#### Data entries
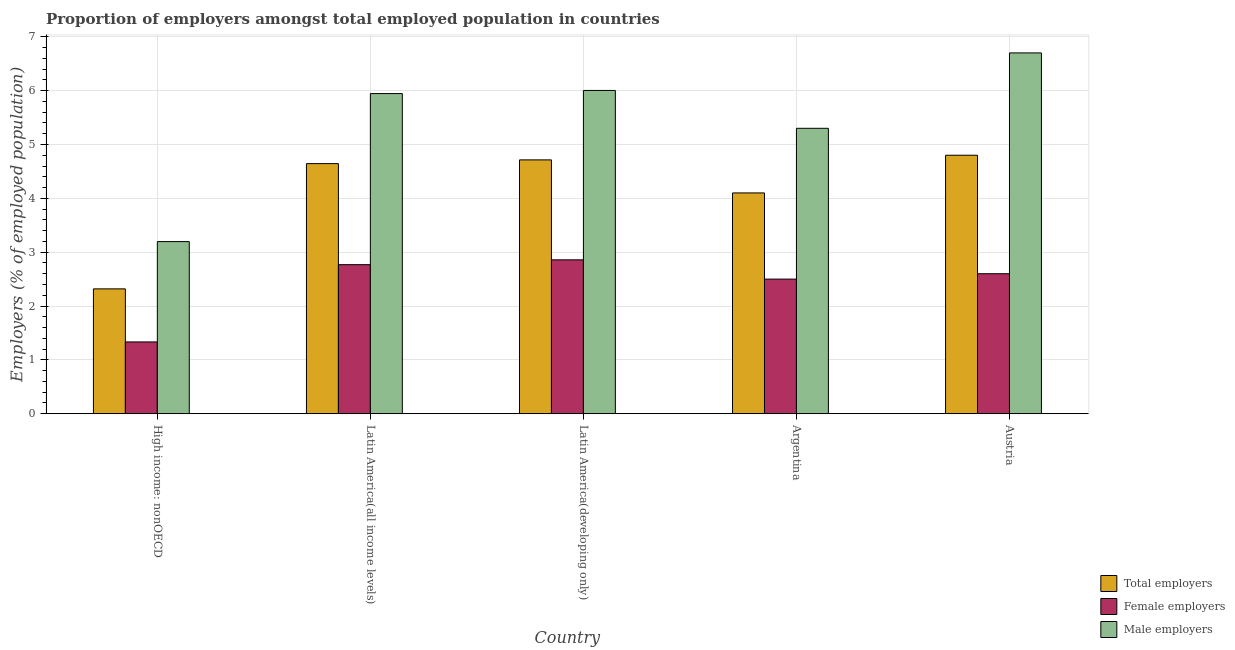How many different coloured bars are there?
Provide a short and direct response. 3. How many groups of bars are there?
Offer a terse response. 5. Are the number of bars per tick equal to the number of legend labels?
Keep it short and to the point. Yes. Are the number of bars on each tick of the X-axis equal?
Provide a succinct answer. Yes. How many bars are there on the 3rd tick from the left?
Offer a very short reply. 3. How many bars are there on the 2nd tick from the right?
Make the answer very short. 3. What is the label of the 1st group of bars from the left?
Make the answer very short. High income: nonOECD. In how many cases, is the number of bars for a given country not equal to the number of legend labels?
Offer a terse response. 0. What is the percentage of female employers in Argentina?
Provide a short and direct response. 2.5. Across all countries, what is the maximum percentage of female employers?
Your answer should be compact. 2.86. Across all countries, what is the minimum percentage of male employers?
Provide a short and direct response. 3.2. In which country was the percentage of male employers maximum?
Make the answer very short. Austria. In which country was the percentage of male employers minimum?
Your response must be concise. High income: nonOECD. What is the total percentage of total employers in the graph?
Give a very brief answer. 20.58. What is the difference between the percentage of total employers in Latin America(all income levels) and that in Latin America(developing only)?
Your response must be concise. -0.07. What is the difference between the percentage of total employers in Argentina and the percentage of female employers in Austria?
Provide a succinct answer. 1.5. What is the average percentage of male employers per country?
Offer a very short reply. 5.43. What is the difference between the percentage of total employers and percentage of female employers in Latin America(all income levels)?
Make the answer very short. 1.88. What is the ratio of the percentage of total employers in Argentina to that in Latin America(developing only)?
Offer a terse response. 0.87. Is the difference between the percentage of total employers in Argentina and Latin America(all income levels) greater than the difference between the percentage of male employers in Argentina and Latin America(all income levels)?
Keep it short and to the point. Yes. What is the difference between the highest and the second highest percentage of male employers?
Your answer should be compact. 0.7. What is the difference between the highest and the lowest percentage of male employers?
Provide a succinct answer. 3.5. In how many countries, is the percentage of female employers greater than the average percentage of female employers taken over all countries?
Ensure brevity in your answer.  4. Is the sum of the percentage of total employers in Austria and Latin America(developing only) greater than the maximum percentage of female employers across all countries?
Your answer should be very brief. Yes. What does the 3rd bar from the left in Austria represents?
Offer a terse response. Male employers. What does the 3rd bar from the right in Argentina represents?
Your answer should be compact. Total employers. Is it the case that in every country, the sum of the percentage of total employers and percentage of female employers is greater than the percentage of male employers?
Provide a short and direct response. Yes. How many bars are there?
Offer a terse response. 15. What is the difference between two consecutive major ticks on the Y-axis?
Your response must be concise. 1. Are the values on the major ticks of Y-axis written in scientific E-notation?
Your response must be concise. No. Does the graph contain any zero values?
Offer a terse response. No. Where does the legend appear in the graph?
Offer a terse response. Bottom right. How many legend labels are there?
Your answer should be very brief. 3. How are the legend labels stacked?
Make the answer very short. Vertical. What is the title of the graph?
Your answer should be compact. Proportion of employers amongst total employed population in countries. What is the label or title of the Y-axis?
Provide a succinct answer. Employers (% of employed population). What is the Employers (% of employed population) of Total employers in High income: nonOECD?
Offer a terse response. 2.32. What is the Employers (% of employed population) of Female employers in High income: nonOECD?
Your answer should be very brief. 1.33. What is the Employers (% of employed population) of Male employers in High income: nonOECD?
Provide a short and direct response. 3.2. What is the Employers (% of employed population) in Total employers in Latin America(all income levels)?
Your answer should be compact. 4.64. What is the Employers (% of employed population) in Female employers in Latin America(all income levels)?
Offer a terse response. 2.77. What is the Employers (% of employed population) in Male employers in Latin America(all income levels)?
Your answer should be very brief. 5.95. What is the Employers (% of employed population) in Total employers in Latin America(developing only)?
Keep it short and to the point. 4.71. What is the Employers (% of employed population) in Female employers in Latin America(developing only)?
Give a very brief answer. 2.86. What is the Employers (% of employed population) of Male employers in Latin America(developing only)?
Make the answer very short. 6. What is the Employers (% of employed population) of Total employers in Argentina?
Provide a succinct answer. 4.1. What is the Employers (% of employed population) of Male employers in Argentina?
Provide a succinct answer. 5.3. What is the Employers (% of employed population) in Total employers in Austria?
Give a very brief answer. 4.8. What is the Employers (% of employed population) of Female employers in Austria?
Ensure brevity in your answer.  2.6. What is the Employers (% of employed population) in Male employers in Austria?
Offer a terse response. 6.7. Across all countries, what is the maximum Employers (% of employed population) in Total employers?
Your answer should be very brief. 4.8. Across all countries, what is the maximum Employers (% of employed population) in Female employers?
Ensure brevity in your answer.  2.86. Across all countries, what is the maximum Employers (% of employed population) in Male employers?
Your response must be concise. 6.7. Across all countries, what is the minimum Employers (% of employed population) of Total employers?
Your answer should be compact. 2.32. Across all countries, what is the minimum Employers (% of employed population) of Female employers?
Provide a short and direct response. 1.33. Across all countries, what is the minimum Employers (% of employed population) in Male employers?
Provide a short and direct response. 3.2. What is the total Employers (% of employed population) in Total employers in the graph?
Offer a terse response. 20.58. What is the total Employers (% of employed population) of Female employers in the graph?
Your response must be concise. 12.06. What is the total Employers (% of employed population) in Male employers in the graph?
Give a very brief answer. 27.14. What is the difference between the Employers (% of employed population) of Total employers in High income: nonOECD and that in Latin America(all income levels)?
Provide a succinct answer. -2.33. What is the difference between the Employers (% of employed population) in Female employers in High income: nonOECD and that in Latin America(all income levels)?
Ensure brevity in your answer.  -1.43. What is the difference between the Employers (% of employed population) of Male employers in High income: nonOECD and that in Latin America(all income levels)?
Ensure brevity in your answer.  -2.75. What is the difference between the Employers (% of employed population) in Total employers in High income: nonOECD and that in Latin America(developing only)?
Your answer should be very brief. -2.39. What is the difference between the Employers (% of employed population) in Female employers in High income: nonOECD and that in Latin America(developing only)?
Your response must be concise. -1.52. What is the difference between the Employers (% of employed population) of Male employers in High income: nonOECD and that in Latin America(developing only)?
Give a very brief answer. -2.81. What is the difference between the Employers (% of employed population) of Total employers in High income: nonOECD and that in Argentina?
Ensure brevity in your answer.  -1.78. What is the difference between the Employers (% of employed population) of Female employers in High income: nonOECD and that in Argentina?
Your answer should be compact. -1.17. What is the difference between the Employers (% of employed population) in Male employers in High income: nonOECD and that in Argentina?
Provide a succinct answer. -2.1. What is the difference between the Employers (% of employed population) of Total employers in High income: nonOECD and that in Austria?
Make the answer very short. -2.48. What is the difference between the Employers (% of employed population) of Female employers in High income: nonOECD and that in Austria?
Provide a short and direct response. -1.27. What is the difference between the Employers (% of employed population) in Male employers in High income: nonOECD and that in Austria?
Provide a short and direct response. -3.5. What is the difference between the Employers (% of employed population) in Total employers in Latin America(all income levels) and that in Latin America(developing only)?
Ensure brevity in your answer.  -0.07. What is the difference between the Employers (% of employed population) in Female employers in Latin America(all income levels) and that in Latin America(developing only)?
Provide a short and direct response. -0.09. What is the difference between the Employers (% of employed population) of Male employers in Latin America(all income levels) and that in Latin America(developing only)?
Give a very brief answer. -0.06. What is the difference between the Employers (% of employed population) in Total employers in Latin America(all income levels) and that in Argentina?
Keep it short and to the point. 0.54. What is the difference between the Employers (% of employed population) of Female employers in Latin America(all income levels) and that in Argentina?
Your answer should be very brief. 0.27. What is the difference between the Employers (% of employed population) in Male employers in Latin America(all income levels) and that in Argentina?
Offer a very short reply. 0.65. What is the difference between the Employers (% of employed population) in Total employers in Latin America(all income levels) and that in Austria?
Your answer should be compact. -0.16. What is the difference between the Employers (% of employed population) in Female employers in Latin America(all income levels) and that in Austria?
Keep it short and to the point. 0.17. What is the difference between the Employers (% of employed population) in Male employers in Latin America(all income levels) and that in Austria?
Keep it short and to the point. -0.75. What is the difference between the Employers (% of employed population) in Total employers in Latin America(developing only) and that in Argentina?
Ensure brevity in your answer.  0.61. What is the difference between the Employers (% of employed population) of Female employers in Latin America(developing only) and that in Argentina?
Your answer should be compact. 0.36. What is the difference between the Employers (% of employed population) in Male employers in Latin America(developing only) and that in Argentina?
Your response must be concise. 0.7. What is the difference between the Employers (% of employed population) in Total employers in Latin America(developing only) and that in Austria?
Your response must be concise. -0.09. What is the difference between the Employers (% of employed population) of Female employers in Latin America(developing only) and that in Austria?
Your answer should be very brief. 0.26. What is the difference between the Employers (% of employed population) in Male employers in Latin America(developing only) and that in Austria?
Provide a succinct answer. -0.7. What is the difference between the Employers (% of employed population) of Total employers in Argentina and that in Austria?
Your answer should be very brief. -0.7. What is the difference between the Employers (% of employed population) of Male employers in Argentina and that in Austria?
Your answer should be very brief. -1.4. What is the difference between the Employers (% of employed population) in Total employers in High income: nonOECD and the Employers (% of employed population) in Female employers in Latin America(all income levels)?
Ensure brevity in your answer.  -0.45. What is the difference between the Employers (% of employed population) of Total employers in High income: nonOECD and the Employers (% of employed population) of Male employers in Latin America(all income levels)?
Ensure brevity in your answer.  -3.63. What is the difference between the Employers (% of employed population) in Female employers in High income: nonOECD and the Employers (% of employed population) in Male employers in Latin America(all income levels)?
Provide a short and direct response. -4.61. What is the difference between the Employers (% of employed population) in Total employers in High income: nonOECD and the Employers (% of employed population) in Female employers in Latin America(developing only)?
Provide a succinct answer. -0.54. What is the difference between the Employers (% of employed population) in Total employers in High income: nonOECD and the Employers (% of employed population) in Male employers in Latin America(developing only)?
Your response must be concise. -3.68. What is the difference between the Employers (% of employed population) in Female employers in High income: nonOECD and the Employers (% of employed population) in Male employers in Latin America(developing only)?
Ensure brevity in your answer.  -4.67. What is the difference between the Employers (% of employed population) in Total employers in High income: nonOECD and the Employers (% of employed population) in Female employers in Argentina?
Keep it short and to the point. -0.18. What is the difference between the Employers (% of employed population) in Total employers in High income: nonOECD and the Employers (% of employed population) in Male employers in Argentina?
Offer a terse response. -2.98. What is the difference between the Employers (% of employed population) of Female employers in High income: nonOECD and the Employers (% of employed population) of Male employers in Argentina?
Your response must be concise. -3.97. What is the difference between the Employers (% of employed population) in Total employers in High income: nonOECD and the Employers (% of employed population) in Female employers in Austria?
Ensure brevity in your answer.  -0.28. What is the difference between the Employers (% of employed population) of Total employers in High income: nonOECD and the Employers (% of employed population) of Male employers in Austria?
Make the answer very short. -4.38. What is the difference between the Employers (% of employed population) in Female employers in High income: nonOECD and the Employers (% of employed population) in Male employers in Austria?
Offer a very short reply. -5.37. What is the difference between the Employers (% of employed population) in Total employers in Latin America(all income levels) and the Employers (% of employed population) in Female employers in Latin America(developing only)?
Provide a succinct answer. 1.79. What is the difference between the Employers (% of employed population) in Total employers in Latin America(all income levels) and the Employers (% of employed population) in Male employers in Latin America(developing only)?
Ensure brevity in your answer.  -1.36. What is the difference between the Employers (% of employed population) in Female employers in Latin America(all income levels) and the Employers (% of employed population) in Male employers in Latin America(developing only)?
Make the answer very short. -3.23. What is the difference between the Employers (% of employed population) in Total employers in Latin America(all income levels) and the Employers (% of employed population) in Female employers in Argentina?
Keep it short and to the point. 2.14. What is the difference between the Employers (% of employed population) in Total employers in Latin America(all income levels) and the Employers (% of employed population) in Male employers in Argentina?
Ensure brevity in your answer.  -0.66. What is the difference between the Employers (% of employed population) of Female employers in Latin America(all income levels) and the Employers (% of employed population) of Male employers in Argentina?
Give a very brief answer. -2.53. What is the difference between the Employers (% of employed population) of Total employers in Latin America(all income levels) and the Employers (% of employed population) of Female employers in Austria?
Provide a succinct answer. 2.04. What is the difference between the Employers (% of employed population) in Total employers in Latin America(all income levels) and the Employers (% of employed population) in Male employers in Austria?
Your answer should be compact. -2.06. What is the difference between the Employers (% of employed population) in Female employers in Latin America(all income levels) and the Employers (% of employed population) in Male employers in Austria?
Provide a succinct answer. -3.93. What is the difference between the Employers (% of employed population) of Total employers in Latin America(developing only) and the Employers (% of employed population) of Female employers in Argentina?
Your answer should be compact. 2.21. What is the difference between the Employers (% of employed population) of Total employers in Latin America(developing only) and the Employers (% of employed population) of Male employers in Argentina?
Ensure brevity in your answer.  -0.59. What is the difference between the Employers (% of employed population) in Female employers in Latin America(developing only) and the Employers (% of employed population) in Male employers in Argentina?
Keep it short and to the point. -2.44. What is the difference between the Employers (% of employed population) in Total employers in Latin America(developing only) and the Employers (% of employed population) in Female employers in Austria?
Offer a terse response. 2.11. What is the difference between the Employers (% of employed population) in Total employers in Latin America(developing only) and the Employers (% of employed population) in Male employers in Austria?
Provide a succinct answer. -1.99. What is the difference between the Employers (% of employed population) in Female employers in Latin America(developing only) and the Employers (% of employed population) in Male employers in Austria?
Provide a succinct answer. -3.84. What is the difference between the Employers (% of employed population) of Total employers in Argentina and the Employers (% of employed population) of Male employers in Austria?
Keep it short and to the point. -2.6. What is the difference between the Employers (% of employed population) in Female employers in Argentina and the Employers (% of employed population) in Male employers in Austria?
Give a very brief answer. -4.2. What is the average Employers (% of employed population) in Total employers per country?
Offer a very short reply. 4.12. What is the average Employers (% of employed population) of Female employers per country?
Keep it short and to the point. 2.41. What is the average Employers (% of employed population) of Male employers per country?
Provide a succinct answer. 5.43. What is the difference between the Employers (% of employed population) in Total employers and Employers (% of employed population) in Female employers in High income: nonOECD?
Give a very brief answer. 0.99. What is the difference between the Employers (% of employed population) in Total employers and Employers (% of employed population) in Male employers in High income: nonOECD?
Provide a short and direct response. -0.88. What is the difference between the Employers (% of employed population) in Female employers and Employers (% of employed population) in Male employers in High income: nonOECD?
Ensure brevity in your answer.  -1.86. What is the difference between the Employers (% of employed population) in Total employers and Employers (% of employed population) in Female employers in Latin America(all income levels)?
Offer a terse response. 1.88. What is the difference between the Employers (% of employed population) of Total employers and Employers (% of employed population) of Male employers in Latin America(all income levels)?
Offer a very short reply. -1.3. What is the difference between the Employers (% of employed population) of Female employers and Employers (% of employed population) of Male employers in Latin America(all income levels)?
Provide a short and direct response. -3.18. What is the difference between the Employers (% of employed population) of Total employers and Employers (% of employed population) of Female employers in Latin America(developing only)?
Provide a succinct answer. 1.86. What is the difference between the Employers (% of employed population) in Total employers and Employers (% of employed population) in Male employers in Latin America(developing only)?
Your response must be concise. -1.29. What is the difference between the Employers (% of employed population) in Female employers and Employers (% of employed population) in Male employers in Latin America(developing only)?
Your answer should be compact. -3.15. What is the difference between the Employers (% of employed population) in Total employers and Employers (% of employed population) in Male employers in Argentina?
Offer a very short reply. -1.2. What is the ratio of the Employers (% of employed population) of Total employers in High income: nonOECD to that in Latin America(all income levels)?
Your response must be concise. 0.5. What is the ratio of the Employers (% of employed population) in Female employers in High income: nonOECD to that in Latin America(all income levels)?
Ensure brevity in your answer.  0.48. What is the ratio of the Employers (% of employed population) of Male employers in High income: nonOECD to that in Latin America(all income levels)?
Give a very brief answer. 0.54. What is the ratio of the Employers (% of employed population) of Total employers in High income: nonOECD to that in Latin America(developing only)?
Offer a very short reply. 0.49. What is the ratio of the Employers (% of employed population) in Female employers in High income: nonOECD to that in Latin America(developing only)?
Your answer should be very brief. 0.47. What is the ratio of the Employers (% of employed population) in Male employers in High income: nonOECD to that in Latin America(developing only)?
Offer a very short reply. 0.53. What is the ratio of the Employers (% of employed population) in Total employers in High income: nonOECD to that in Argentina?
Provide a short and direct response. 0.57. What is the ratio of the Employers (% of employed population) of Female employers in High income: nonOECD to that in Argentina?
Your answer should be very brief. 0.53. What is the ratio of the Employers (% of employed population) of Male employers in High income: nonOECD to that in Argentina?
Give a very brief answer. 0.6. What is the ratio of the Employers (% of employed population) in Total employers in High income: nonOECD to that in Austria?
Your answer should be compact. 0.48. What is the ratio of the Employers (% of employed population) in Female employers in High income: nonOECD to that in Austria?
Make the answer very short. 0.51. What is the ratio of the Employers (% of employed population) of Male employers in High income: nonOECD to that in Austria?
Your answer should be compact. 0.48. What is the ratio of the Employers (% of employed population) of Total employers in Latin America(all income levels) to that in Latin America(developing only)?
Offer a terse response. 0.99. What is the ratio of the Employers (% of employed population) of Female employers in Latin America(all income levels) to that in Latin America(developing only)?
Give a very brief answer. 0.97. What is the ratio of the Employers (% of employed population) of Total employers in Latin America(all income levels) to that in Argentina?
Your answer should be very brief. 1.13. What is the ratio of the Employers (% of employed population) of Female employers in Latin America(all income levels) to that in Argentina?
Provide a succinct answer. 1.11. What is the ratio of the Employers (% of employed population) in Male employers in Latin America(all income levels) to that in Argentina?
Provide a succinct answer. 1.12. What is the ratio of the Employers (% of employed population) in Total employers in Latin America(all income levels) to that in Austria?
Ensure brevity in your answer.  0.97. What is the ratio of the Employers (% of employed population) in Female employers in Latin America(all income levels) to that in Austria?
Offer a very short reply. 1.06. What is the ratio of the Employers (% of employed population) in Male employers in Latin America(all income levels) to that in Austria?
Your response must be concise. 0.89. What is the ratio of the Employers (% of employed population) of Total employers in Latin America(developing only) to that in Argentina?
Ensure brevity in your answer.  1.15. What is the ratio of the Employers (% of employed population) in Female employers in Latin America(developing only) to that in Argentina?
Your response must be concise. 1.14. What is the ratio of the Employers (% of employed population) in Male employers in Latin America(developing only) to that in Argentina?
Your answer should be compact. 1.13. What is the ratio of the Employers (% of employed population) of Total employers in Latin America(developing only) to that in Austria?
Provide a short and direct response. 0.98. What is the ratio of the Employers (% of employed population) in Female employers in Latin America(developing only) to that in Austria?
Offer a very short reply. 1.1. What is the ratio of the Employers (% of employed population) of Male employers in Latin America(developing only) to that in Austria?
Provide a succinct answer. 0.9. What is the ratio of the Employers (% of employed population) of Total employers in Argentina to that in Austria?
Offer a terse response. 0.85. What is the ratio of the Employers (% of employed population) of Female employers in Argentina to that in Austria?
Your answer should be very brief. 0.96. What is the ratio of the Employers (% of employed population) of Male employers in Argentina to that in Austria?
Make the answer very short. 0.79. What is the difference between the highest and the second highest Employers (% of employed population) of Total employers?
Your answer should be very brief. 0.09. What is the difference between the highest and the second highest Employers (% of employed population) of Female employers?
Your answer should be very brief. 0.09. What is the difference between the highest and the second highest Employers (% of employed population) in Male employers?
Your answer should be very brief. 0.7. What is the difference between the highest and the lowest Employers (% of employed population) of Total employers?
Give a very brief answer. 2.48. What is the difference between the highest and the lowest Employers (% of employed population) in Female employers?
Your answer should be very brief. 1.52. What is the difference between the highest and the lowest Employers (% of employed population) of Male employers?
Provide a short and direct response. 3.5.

#### WHAT YOU SHOULD DO
In the entries above, please find the line with "Provide a short and direct response. 1.33." and the line with "Give a very brief answer. 27.14.", then write out exactly those two lines and every line between them, and nothing more.

#### ANSWER TO THIS EXERCISE
Provide a short and direct response. 1.33. Across all countries, what is the minimum Employers (% of employed population) in Male employers?
Provide a short and direct response. 3.2. What is the total Employers (% of employed population) in Total employers in the graph?
Offer a terse response. 20.58. What is the total Employers (% of employed population) of Female employers in the graph?
Your response must be concise. 12.06. What is the total Employers (% of employed population) in Male employers in the graph?
Give a very brief answer. 27.14. What is the difference between the Employers (% of employed population) of Total employers in High income: nonOECD and that in Latin America(all income levels)?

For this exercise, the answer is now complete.